David Brazil, director of planning and zoning, environmental health and the transfer station, reported that Jack Chappelle, consulting engineer on closing of the old county landfill southwest of Marion, will have his final report in to the Kansas Department of Health and Environment this week.

Brazil said the next step for the county will be to install gas wells and as many as six water wells at the landfill for monitoring pollution. He estimated the monitoring will cost $1,200 to $1,400 per well per year.

Holub and Dallke asked where the money would come from and whether the commissioners who held their chairs previously had understood the continuing costs.

County Clerk Carol Maggard said she believed the previous commissioners had understood the continuous funding need in their planning.

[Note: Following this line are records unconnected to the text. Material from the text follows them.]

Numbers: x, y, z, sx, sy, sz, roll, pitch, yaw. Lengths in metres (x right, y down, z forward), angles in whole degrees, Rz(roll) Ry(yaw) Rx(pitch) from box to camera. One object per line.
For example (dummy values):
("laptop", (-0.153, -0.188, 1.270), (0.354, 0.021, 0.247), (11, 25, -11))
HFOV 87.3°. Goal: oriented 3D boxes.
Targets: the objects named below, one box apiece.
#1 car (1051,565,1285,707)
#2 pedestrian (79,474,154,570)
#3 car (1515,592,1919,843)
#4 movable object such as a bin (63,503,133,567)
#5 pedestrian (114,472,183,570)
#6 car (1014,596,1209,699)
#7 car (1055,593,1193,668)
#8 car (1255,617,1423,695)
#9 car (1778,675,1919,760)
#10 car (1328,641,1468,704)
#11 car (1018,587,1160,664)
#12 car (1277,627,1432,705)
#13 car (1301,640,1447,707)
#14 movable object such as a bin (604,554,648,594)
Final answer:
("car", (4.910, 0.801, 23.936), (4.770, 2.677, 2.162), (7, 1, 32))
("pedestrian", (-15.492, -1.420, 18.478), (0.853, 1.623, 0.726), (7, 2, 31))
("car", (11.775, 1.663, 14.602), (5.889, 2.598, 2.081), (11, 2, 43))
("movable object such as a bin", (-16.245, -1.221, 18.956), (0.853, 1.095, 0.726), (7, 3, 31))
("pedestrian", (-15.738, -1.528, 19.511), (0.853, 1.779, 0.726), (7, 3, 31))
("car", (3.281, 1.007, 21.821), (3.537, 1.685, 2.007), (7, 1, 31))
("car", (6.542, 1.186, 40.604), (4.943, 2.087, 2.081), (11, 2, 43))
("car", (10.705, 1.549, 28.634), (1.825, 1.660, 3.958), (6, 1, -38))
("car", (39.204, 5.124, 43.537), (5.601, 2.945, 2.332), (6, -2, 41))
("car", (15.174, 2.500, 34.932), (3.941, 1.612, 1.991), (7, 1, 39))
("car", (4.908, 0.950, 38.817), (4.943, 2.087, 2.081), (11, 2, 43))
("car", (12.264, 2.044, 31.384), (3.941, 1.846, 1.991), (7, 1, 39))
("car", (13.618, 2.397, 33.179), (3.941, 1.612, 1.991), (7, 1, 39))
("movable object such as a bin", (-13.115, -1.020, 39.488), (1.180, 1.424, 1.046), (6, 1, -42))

Brazil said he was expecting ongoing operation money to come from the solid waste fund.

Brazil said he had checked with the Marion County Conservation District to determine grass planting prices at the landfill. MCCD suggested using their drill and their contractor for planting native grass, which would cost an estimated $1,500.

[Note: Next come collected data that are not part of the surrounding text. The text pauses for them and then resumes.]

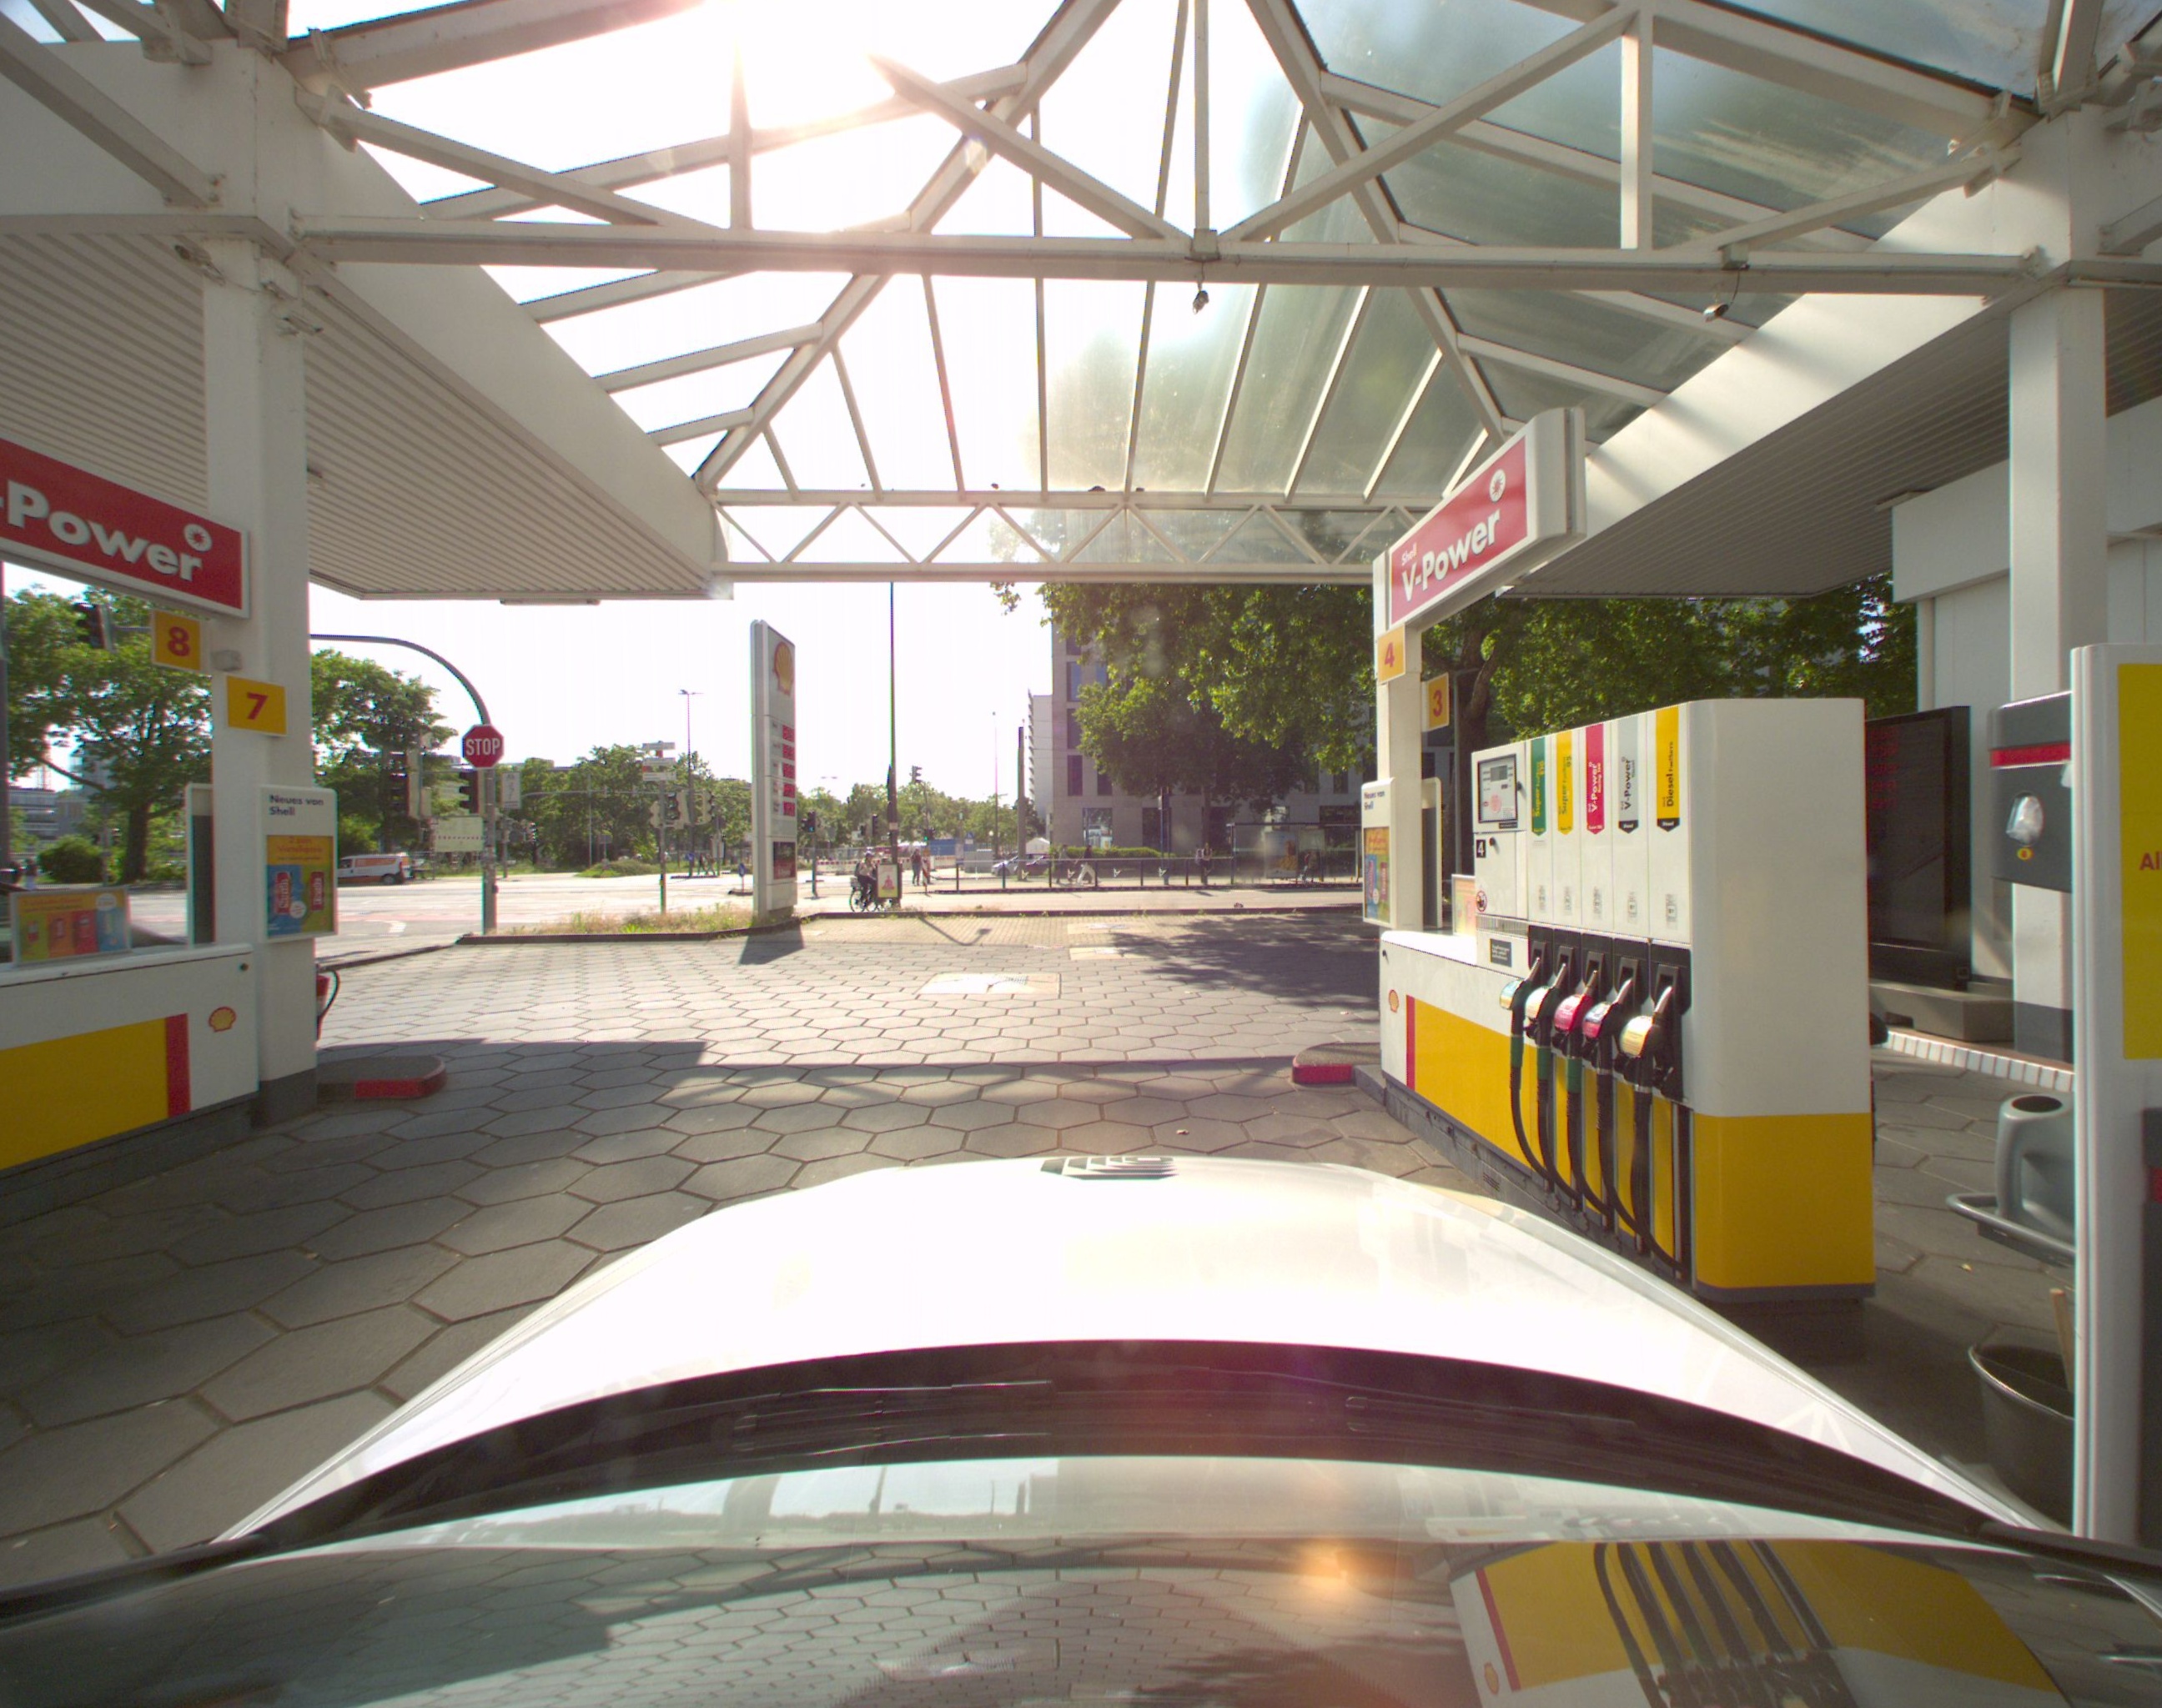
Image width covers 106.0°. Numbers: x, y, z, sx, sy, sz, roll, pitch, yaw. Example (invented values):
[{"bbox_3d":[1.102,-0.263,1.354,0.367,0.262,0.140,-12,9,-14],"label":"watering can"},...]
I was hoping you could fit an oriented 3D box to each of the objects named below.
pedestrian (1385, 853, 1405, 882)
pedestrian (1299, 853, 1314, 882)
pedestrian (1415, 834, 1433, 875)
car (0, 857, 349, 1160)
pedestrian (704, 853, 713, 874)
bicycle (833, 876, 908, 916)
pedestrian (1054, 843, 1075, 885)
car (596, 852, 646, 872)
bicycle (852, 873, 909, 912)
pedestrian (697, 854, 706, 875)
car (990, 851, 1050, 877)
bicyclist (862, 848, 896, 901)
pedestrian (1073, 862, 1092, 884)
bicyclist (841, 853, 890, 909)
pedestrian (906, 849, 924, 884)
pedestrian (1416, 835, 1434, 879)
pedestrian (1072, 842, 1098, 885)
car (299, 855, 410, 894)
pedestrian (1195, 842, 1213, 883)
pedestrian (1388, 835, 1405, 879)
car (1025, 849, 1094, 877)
[{"bbox_3d":[12.630,0.539,32.778,0.625,1.138,0.525,-1,0,4],"label":"pedestrian"},{"bbox_3d":[9.020,0.519,32.556,0.496,1.138,0.525,-1,0,4],"label":"pedestrian"},{"bbox_3d":[14.430,0.023,34.264,0.497,1.735,0.524,-1,0,1],"label":"pedestrian"},{"bbox_3d":[-6.368,0.813,4.123,1.739,1.532,3.997,-2,0,-2],"label":"car"},{"bbox_3d":[-26.721,0.682,58.422,0.566,1.469,0.509,-1,0,-26],"label":"pedestrian"},{"bbox_3d":[-5.977,1.185,23.165,2.004,1.082,0.643,-1,0,17],"label":"bicycle"},{"bbox_3d":[-0.670,0.399,33.490,0.772,1.683,0.504,-1,0,7],"label":"pedestrian"},{"bbox_3d":[-47.554,0.813,84.187,3.971,1.816,2.001,-3,0,2],"label":"car"},{"bbox_3d":[-6.024,1.134,24.399,1.843,1.082,0.528,0,0,33],"label":"bicycle"},{"bbox_3d":[-27.584,0.758,59.255,0.566,1.469,0.509,-1,0,-26],"label":"pedestrian"},{"bbox_3d":[-3.872,0.593,51.486,3.679,1.552,1.588,-1,0,-8],"label":"car"},{"bbox_3d":[-6.056,0.609,24.401,0.854,1.544,0.538,-1,0,34],"label":"bicyclist"},{"bbox_3d":[0.060,0.785,33.405,0.687,0.880,0.504,-1,0,7],"label":"pedestrian"},{"bbox_3d":[-6.144,0.758,23.207,1.160,1.580,0.642,-1,0,16],"label":"bicyclist"},{"bbox_3d":[-7.371,0.569,36.190,0.647,1.540,0.504,-1,0,7],"label":"pedestrian"},{"bbox_3d":[13.807,0.119,32.713,0.497,1.735,0.524,-1,0,1],"label":"pedestrian"},{"bbox_3d":[0.168,0.367,32.300,0.927,1.683,0.504,-1,0,7],"label":"pedestrian"},{"bbox_3d":[-42.402,1.164,47.685,4.459,2.013,1.981,-3,0,-29],"label":"car"},{"bbox_3d":[4.855,0.322,32.234,0.582,1.591,0.670,-1,2,-2],"label":"pedestrian"},{"bbox_3d":[12.673,0.123,32.730,0.497,1.735,0.406,-1,0,1],"label":"pedestrian"},{"bbox_3d":[-1.296,0.528,48.758,3.984,1.552,1.699,-1,0,-8],"label":"car"}]

Brazil said he had heard of an estimated $35 an acre for planting bromegrass. He said he was told by county road and bridge that their tractor wasn’t outfitted to pull a drill.

Holub said he would bring a tractor to plant brome at a reduced price if he had to.

Brazil said he and Chappelle had discussed using the land with the landfill for some type of low-impact public recreational use, perhaps as a wildlife area with walking trails. He said the area had extensive wetland including an old pond that was filled in.

He confirmed for commissioners that all drainage water off the landfill stays on the property.

The commissioners agreed they would like to have a group like Quail Unlimited or Ducks Unlimited manage the area for wildlife rather than have the county get any grant money that might obligate other management.

Dallke asked Brazil how the commissioners might further empower him to get clusters of junk vehicles in the county cleaned up, or to stop a practice of old trailers being dumped in a former rock quarry.

Brazil said he already has power to go to the Kansas Department of Transportation to get help to clean up collections of 10 or more junk vehicles or on regulating junkyards. He said most inquiries were not followed through on unless health and safety issues were involved.

Dallke said the county needs to find ways to “control our own destiny” because, as evidenced by the piles of highway construction concrete that have remained along U.S. Highway 50 for two years, “the state doesn’t much care about our concerns.”

The commissioners opened bids for cleaning up mold infestation in the courthouse, but found the details and differences given in the bids sufficient to decide they would pay a consultant extra money to go through them.

Stover Pest of Maize bid $13,510.43 for the job compared to $34,589.84 from ACT of Wichita, but commissioners found differences offered difficult to decipher. NCRI of Wichita only made estimates by the square foot.

Thiesen said his department will hold a CPR “Families and Friends” class Nov. 12 in Hillsboro with an emphasis on older citizens from across the county coming in to increase awareness of the needs of each other.

He reported 97 ambulance runs for September: 13 from Florence, 36 from Hillsboro, 26 from Marion, 13 from Peabody and nine from Tampa. Two first-response runs were made from Burns, four from Goessel and one from Durham.

The commissioners accepted an invoice for $15,978.59 from BG Consultants of Manhattan for its work on getting a new jail.

The commissioners reviewed a listing of 2004 unpaid property taxes. Dallke asked Maggard about communication from a local company on whether title search is done on delinquent properties to be sold at auction.

When she replied, “No,” Dallke called upon the commission to demand explanation from the company. He doubted the months that have gone by since first inquiry are justified “when all the information is here in our own courthouse.”

Dallke said he wanted the situation resolved right away to encourage payment of taxes.

“I represent the people who pay their taxes in a timely matter,”
he said. “For those who don’t do that, let’s get the property put up for sale.”

The commissioners decided to discuss the hiring of a new economic director at 7 p.m. Tuesday, Oct. 18.